7. Type of Ground Truth Used
The ground truth used for this study was reference broth microdilution MIC method, conducted according to CLSI M7-A11 guidelines. This is a well-established and standardized laboratory method for determining antimicrobial minimum inhibitory concentrations, considered the gold standard for AST.
8. Sample Size for the Training Set
The document does not specify a separate "training set" sample size for the development of the MTS Sulbactam-Durlobactam device. For IVDs like AST systems, the "training" typically refers to the initial development and optimization of the test strip's design, antimicrobial gradient, and manufacturing process to reliably produce specific drug concentrations and diffusion patterns. This is primarily a chemical and engineering development process, not a machine learning training process with a distinct data set. The 588 isolates discussed are for the performance validation (test set) rather than initial model training.

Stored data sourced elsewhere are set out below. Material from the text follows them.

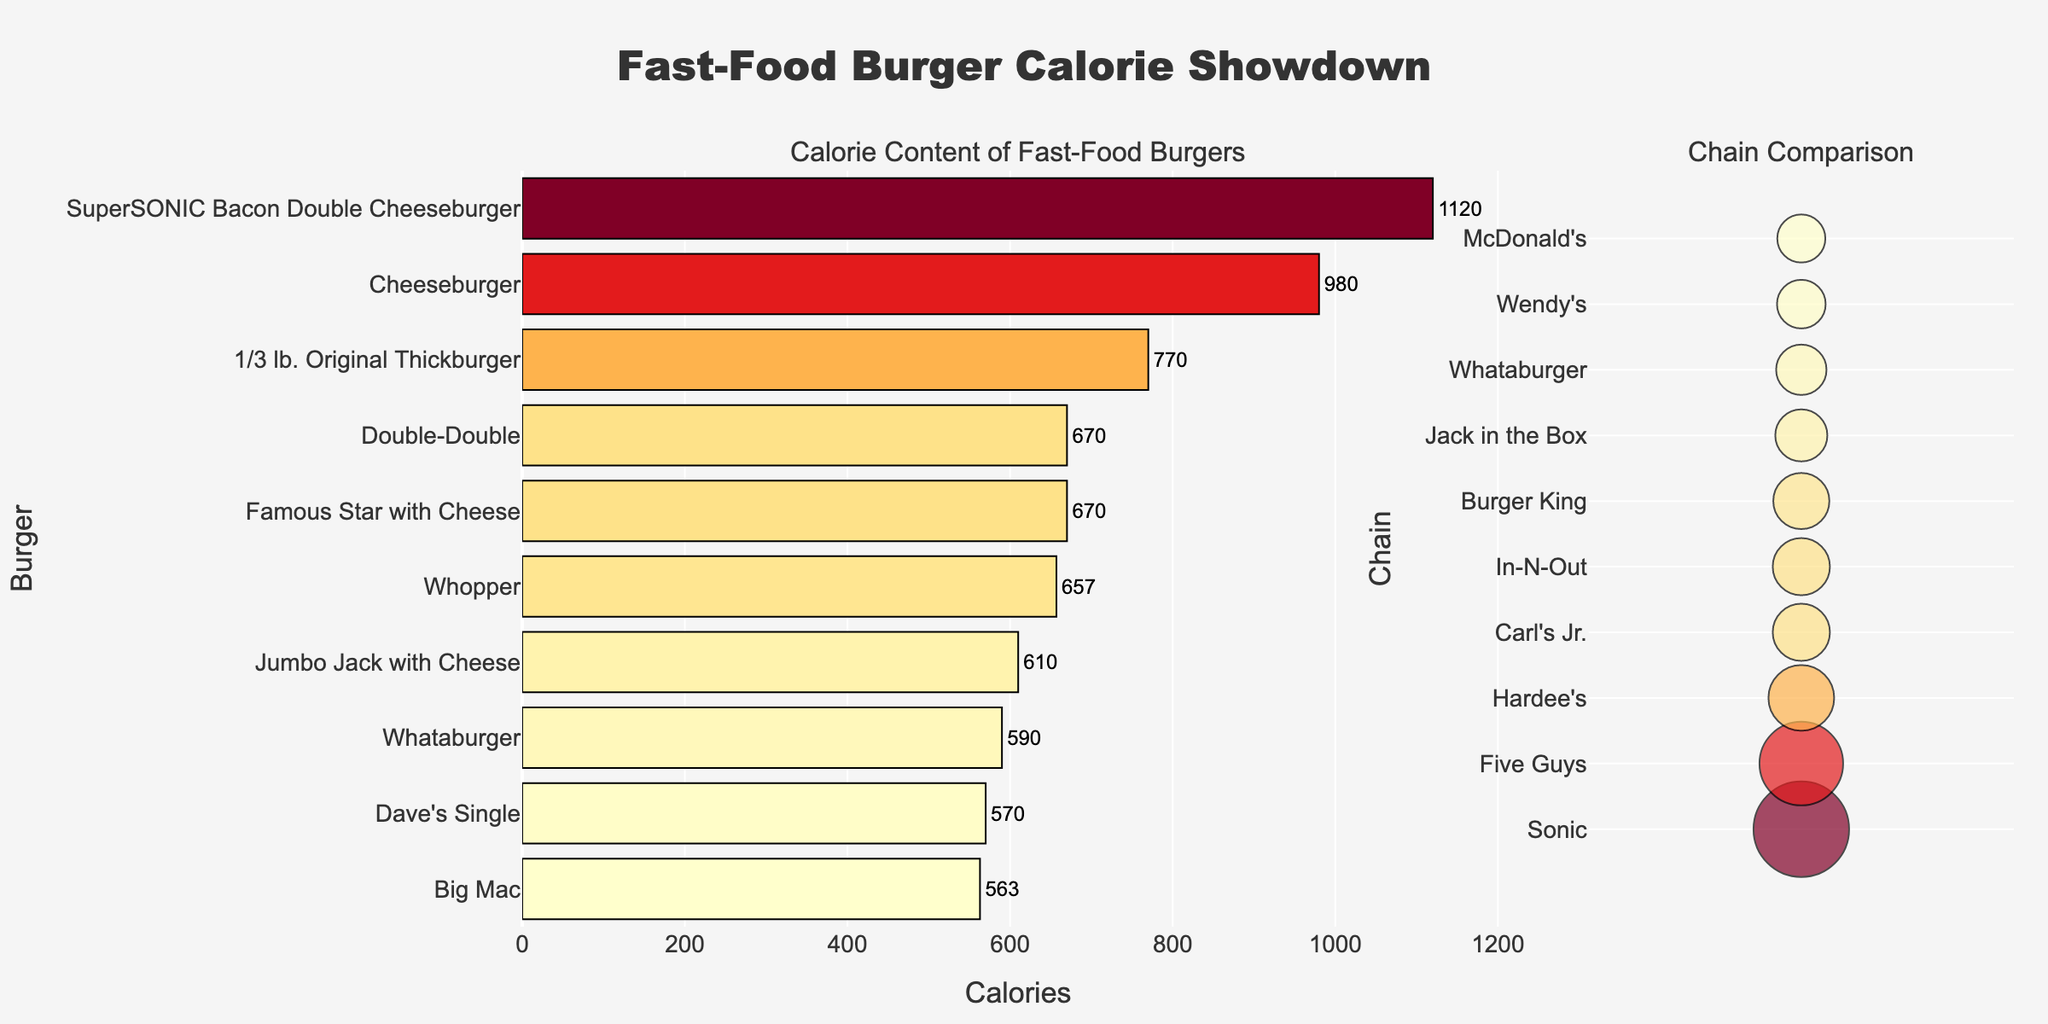Which author has the lowest Average Word Length? By referring to the 'Average Word Length' subplot, the author bars are visually compared. The lowest value is observed for Dan Brown from the Contemporary era.
Answer: Dan Brown How many unique words per 1000 does Jane Austen have? In the 'Unique Words per 1000' subplot, Jane Austen's bar shows her respective value.
Answer: 165 Which era tends to have higher readability scores? By comparing the average bar lengths in the 'Readability Score' subplot for Classic and Contemporary groups, it's seen that Contemporary authors generally have higher readability scores.
Answer: Contemporary Among the Classic authors, who uses the most unique words per 1000? In the 'Unique Words per 1000' subplot, the Classic authors' bars are compared. William Shakespeare has the highest value.
Answer: William Shakespeare Which author from the Contemporary era has the highest readability score? The 'Readability Score' subplot is reviewed, and by comparing the Contemporary authors, Dan Brown shows the highest value.
Answer: Dan Brown What is the difference in Average Word Length between George Orwell and John Green? The 'Average Word Length' subplot shows values for George Orwell and John Green. George Orwell has 4.1 and John Green has 3.9, resulting in a difference of 4.1 - 3.9 = 0.2.
Answer: 0.2 Which author has the highest Unique Words per 1000 in the Contemporary era? By looking at the 'Unique Words per 1000' subplot and checking the Contemporary bars, J.K. Rowling has the highest unique words per 1000.
Answer: J.K. Rowling Do Classic or Contemporary authors generally use longer average word lengths? The 'Average Word Length' subplot shows Classic authors having longer word lengths.
Answer: Classic What is the average Readability Score for Classic authors? Sum the 'Readability Score' values for Classic authors: 65 + 70 + 68 + 75 + 72 = 350. Divide by 5 to get the average: 350 / 5 = 70.
Answer: 70 
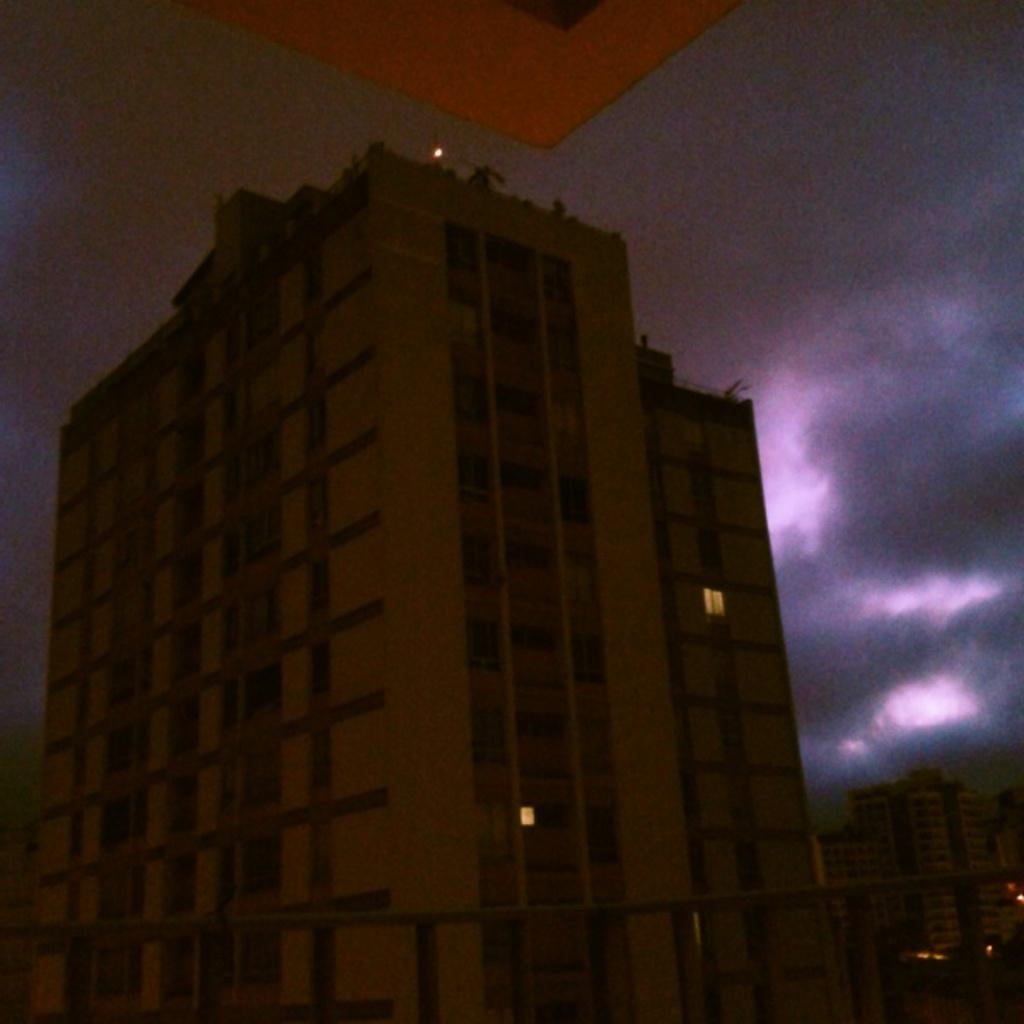What type of structure is present in the image? There is a building in the image. What can be seen in the background of the image? The sky is visible in the background of the image. Can you describe the sky's position in relation to the building? The sky is also visible in front of the building. What type of holiday is being celebrated in the image? There is no indication of a holiday being celebrated in the image. Can you see the ocean in the image? The image does not show the ocean; it only features a building and the sky. 
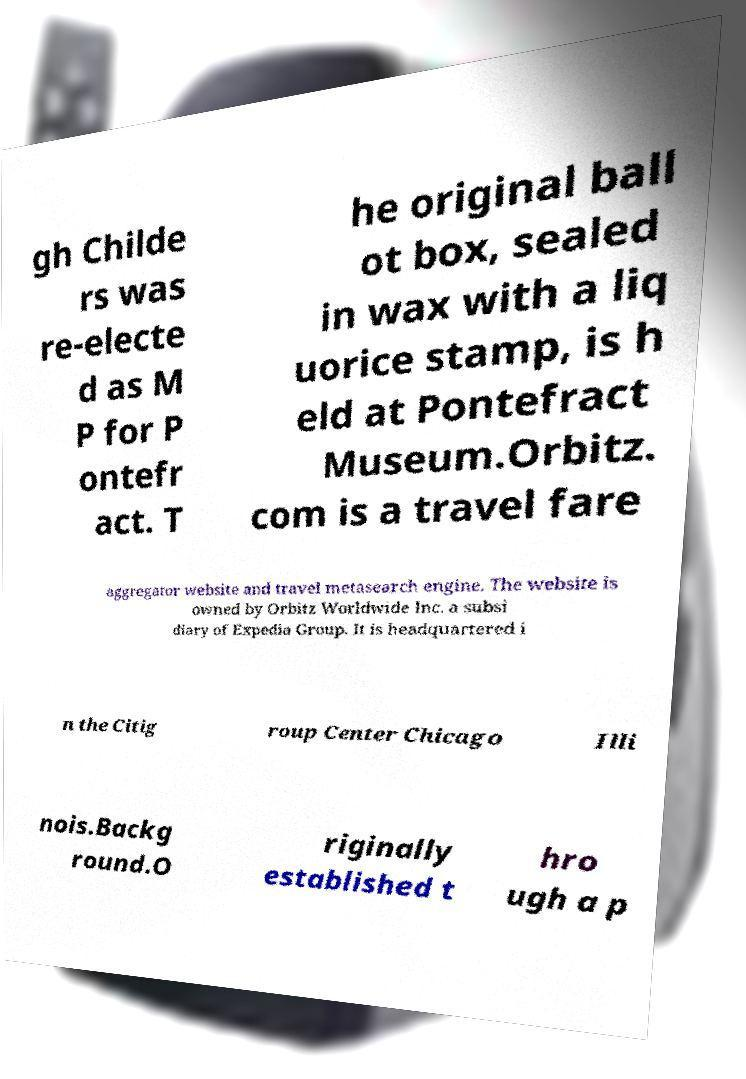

9. How Ground Truth for the Training Set Was Established
As noted above, a distinct "training set" and associated "ground truth establishment" in the machine learning sense are not described for this type of medical device. The "ground truth" for the performance validation was established by the CLSI broth microdilution reference method. For the initial development and optimization phase of such a device, the "ground truth" would implicitly be the accurate and precise measurement of drug concentration gradients and their biological effect on various bacterial strains, guided by established AST principles and drug properties.